> **What this task involves**
Look for "Answer" in each line of the entries, and return the matching lines.

◇ ◇ ◇ ◇

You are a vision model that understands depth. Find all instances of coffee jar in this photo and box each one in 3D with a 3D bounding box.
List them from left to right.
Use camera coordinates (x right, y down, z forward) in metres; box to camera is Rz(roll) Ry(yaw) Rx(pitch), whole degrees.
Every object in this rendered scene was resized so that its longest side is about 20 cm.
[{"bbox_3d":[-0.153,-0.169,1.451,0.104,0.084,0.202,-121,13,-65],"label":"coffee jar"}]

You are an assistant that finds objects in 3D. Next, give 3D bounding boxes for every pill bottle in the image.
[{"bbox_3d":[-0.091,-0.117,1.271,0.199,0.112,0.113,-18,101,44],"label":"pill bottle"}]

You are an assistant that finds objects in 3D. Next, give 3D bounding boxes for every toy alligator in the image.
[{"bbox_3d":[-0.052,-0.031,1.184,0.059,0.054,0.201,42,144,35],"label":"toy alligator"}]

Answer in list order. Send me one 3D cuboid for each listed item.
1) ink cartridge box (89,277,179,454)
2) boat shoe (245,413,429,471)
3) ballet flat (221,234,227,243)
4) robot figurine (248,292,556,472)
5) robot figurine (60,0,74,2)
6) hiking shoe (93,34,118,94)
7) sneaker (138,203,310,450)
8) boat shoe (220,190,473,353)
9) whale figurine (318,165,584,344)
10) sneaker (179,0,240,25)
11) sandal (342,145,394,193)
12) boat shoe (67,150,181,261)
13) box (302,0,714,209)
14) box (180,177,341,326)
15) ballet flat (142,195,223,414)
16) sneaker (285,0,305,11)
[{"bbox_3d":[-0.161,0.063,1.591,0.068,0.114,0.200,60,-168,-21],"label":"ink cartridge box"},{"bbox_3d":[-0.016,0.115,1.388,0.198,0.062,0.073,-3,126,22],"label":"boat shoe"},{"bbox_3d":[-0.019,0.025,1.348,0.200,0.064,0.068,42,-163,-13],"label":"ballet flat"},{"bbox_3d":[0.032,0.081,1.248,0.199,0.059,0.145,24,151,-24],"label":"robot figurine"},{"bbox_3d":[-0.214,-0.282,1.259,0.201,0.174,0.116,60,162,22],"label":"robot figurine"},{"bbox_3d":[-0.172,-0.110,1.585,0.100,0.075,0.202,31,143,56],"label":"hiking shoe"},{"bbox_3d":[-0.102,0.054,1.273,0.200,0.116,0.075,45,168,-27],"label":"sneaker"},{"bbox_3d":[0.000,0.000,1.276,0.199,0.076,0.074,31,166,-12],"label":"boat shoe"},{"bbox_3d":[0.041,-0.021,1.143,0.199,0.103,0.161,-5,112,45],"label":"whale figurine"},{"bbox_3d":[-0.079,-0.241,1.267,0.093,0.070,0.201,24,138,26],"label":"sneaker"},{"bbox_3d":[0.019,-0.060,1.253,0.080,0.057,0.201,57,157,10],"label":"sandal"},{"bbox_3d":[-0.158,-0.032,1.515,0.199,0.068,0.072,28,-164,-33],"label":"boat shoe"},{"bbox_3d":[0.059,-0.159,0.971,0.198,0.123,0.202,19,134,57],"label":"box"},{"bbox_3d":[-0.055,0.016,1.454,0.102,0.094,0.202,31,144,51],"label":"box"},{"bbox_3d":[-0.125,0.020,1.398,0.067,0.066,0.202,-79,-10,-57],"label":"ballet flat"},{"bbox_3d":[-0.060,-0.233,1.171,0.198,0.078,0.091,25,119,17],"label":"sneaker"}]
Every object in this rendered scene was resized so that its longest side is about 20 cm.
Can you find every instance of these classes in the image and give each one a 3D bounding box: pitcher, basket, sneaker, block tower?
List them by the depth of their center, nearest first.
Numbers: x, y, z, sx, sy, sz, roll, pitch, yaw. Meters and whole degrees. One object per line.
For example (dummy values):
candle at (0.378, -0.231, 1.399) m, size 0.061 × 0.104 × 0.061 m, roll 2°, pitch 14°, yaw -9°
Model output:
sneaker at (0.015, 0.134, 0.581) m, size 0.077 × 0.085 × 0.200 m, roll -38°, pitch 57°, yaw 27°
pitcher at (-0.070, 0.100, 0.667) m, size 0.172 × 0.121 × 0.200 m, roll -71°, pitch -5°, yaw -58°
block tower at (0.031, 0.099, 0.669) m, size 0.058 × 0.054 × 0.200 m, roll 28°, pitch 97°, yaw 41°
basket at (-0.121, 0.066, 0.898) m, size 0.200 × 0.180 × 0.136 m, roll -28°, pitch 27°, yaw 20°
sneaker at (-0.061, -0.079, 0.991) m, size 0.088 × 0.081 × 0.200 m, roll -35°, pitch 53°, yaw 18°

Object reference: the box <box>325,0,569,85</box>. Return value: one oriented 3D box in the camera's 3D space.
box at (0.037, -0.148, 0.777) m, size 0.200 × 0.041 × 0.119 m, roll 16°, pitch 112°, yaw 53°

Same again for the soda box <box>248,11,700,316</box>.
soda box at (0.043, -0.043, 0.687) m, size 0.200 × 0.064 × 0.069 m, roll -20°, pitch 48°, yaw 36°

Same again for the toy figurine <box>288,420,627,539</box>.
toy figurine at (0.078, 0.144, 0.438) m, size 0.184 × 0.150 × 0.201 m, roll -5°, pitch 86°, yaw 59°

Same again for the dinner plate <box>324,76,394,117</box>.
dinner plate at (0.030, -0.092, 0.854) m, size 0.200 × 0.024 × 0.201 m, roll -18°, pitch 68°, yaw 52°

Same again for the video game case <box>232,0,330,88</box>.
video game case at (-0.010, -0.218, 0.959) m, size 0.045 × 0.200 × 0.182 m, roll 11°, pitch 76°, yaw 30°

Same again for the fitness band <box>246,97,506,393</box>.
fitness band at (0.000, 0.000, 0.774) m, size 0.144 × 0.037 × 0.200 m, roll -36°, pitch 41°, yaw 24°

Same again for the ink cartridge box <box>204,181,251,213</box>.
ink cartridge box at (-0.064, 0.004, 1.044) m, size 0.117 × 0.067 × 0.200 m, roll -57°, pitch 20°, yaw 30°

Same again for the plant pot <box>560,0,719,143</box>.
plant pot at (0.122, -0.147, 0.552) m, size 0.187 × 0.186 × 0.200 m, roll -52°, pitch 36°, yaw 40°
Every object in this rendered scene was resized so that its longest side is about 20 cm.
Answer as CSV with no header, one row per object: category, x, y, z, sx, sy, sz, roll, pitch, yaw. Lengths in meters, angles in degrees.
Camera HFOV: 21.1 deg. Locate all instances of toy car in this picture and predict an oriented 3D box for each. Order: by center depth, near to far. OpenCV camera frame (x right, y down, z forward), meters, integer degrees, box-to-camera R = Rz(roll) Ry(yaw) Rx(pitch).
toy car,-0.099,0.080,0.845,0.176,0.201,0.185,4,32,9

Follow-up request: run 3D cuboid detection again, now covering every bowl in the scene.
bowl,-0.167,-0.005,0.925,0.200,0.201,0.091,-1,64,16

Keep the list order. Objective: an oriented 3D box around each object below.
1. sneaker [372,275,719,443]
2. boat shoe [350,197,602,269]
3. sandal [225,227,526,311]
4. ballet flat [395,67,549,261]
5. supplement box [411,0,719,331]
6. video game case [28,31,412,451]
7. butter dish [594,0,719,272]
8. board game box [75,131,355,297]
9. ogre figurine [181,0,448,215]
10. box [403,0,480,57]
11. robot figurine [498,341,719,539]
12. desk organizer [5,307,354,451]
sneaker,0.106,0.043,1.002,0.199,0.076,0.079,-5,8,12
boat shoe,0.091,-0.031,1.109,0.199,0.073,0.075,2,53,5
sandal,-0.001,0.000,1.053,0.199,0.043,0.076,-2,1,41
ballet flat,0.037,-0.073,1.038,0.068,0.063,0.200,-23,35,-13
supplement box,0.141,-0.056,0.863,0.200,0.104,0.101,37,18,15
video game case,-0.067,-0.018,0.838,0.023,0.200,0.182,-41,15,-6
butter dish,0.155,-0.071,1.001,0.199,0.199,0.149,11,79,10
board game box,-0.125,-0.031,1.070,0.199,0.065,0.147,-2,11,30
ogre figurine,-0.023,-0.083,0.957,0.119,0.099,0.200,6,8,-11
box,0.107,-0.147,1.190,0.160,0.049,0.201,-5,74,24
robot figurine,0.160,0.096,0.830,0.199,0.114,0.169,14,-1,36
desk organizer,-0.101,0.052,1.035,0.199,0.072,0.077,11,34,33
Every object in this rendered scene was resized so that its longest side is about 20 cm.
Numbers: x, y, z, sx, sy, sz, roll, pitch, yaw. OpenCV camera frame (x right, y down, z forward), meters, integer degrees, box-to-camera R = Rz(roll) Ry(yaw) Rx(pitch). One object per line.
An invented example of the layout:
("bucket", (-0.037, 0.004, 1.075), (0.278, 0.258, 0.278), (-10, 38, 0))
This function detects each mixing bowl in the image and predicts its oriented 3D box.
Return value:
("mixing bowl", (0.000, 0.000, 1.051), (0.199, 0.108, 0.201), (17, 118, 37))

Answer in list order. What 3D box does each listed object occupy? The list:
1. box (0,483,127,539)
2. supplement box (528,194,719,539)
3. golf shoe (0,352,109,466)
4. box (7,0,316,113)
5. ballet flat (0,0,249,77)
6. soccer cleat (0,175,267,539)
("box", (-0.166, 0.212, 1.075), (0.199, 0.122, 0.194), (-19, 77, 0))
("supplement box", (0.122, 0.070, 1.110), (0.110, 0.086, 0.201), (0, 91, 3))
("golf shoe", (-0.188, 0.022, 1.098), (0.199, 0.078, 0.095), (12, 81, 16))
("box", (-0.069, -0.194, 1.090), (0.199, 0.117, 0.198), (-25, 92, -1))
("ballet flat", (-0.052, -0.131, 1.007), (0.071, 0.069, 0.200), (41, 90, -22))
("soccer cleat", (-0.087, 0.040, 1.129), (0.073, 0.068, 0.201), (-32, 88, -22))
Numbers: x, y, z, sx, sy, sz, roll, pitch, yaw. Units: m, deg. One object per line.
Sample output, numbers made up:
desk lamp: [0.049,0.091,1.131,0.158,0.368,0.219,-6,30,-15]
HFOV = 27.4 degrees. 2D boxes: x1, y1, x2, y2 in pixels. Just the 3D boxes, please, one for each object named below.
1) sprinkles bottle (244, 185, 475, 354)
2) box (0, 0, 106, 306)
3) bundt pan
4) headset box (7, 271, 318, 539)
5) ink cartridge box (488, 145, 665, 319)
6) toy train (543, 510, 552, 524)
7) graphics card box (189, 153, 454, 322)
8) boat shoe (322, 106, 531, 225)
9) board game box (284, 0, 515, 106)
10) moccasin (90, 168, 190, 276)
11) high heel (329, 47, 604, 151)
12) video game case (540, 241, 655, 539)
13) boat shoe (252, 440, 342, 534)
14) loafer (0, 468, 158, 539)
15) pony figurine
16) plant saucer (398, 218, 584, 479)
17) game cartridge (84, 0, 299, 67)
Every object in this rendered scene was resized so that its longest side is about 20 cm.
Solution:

◇ ◇ ◇ ◇

> **Output below**
Answer in list order. Send me one 3D cuboid for each listed item.
Answer as CSV with no header, one row per object: category, x, y, z, sx, sy, sz, roll, pitch, yaw. Lengths in meters, angles in degrees.
Answer in list order. What 3D box does each listed object occupy? The list:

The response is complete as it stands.